Work request
Pictures stay out; everything else in the records is to be copied exactly.

-------------------------

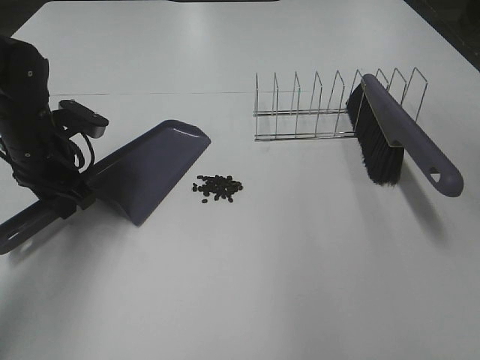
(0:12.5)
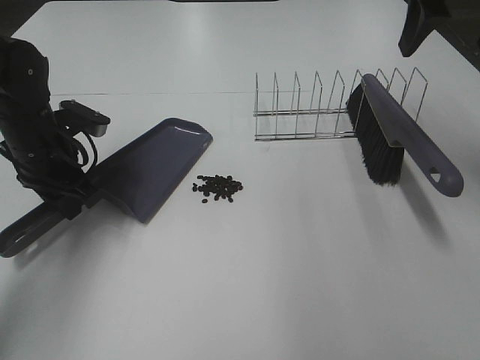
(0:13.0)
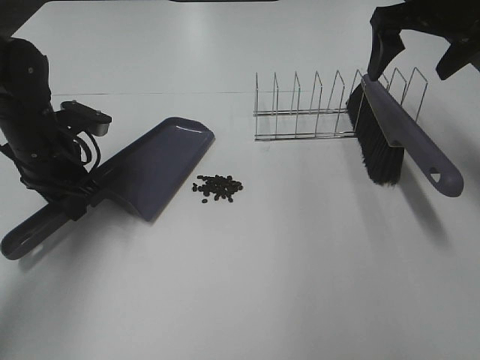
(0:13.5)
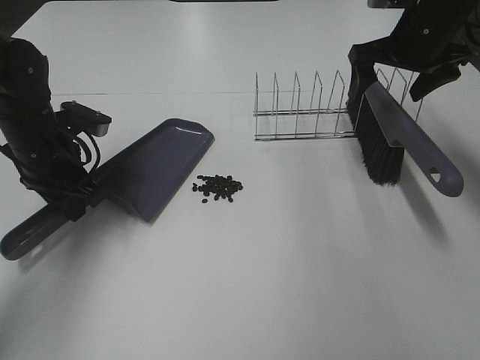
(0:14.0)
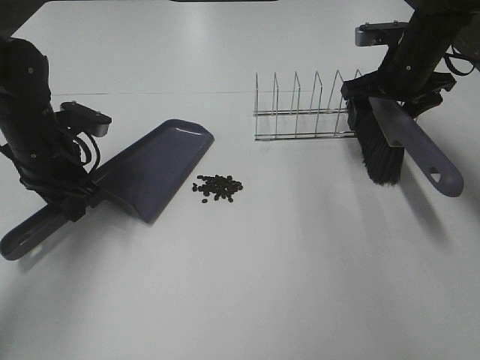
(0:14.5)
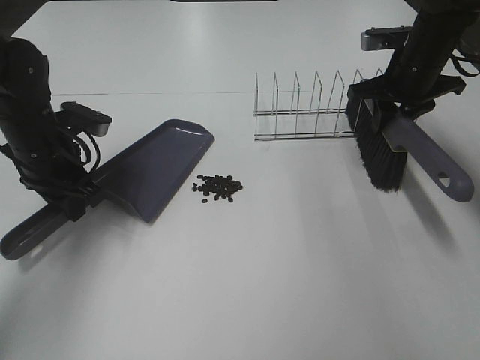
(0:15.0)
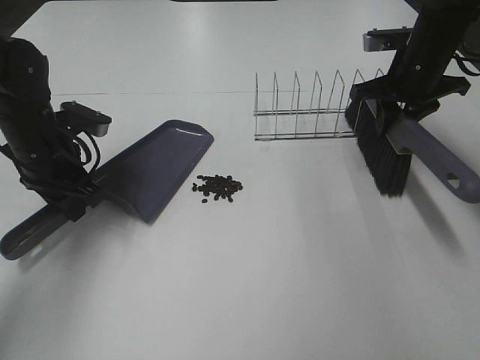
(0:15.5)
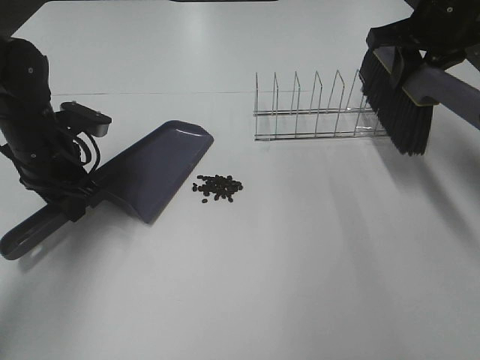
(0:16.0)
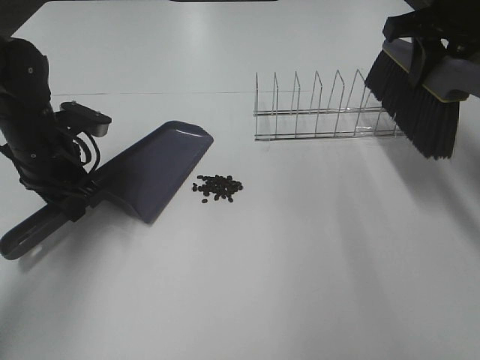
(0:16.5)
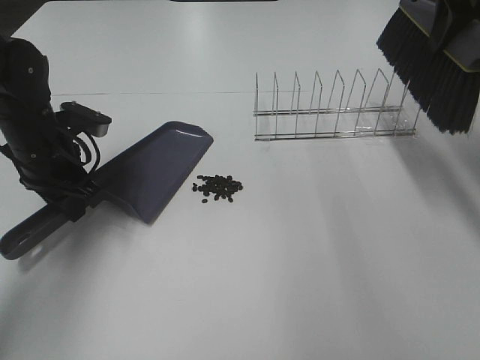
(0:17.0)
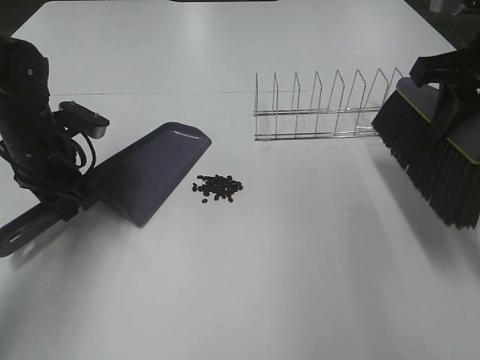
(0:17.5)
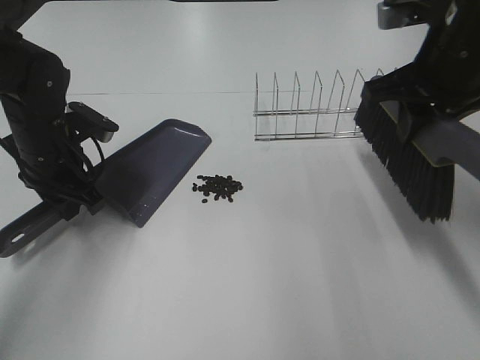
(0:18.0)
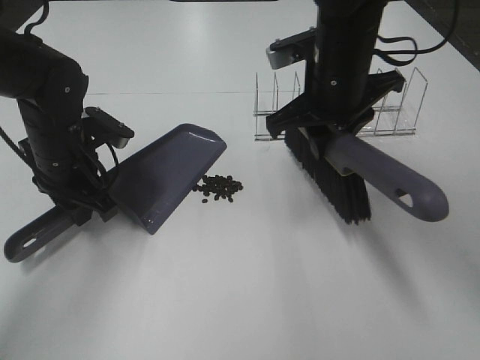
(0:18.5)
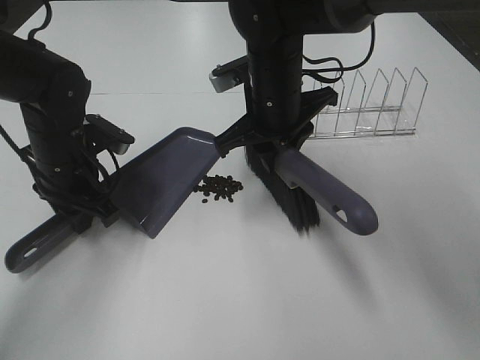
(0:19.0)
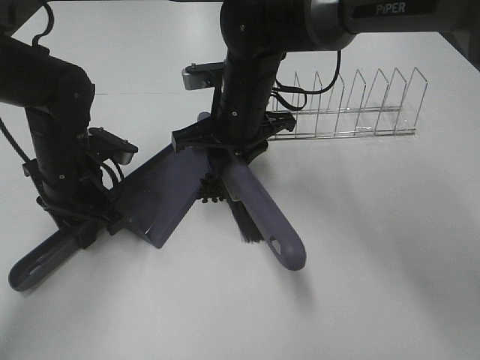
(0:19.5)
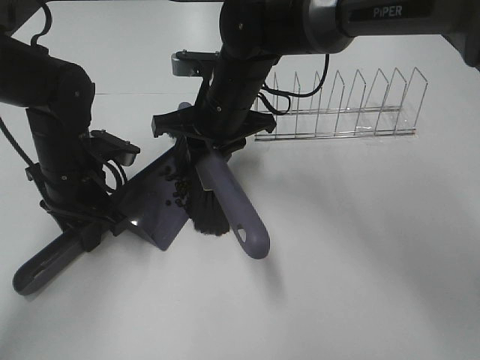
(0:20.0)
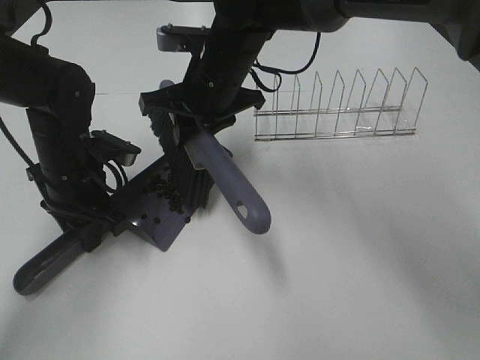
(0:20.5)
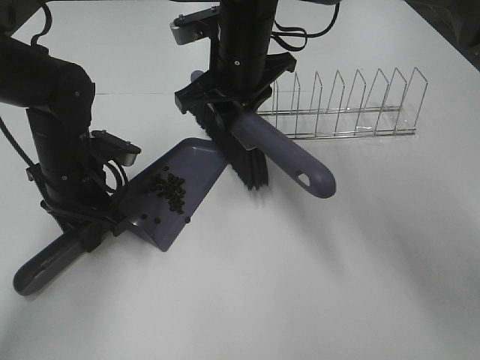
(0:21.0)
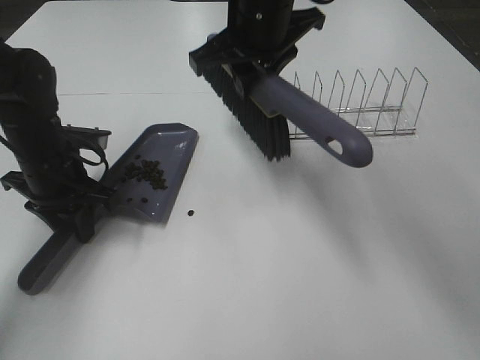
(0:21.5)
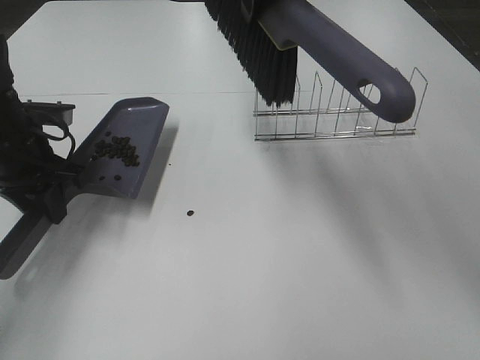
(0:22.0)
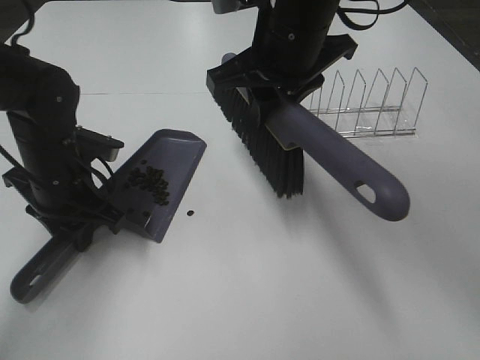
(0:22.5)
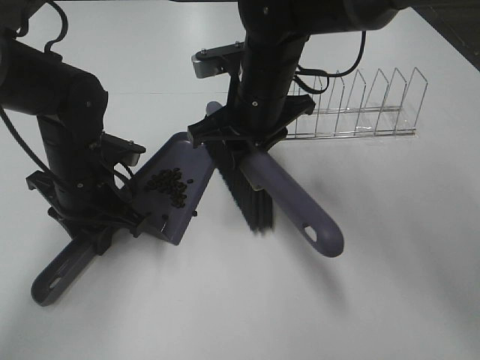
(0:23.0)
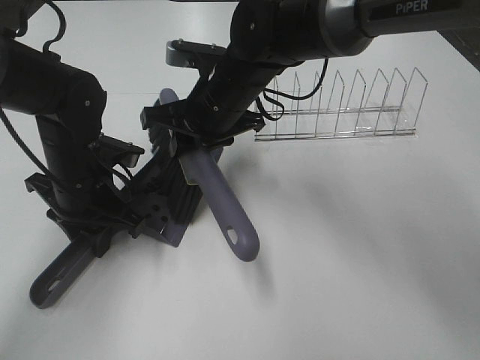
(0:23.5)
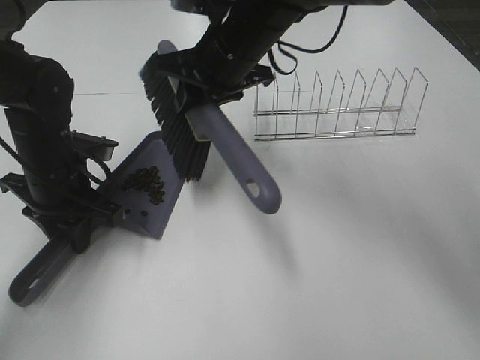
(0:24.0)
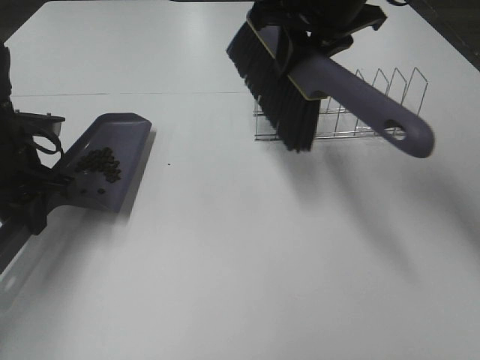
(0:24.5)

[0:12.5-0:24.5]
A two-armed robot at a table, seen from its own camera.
Task of the whole recording: Sweep Coffee Bean.
Step, 0:12.5 to 0:15.0: Right hand:grab the broom.
Step, 0:15.5 to 0:23.5: Right hand:sweep the coffee beans into the dustpan.
0:12.5 to 0:14.5: The right gripper travels downward and forward by about 25 cm.
0:14.5 to 0:16.5: The right gripper moves upward and backward, about 15 cm, and closes its fingers.
0:16.5 to 0:18.5: The right gripper moves to the left and downward, roughly 15 cm.
0:18.5 to 0:20.5: The right gripper heads to the left, covering about 10 cm.
0:20.5 to 0:22.5: The right gripper heads upward, to the right and backward, covering some 10 cm.
0:22.5 to 0:24.5: The right gripper travels to the right by approximately 5 cm, and reaches about 10 cm downward, then returns. Meanwhile the left gripper shifts some 5 cm to the left.

-------------------------

Task response
(0:12.5)
(0:13.0)
(0:13.5)
(0:14.0)
(0:14.5)
(0:15.0)
(0:15.5)
(0:16.0)
(0:16.5)
(0:17.0)
(0:17.5)
(0:18.0)
(0:18.5)
(0:19.0)
(0:19.5)
(0:20.0)
(0:20.5)
(0:21.0)
(0:21.5)
(0:22.0)
(0:22.5)
(0:23.0)
(0:23.5)
(0:24.0)
(0:24.5)

[0:12.5-0:24.5]
A two-armed robot at a table, seen from its own camera.
Task of the whole recording: Sweep Coffee Bean.
Step, 0:12.5 to 0:15.0: Right hand:grab the broom.
Step, 0:15.5 to 0:23.5: Right hand:sweep the coffee beans into the dustpan.
0:12.5 to 0:14.5: The right gripper travels downward and forward by about 25 cm.
0:14.5 to 0:16.5: The right gripper moves upward and backward, about 15 cm, and closes its fingers.
0:16.5 to 0:18.5: The right gripper moves to the left and downward, roughly 15 cm.
0:18.5 to 0:20.5: The right gripper heads to the left, covering about 10 cm.
0:20.5 to 0:22.5: The right gripper heads upward, to the right and backward, covering some 10 cm.
0:22.5 to 0:24.5: The right gripper travels to the right by approximately 5 cm, and reaches about 10 cm downward, then returns. Meanwhile the left gripper shifts some 5 cm to the left.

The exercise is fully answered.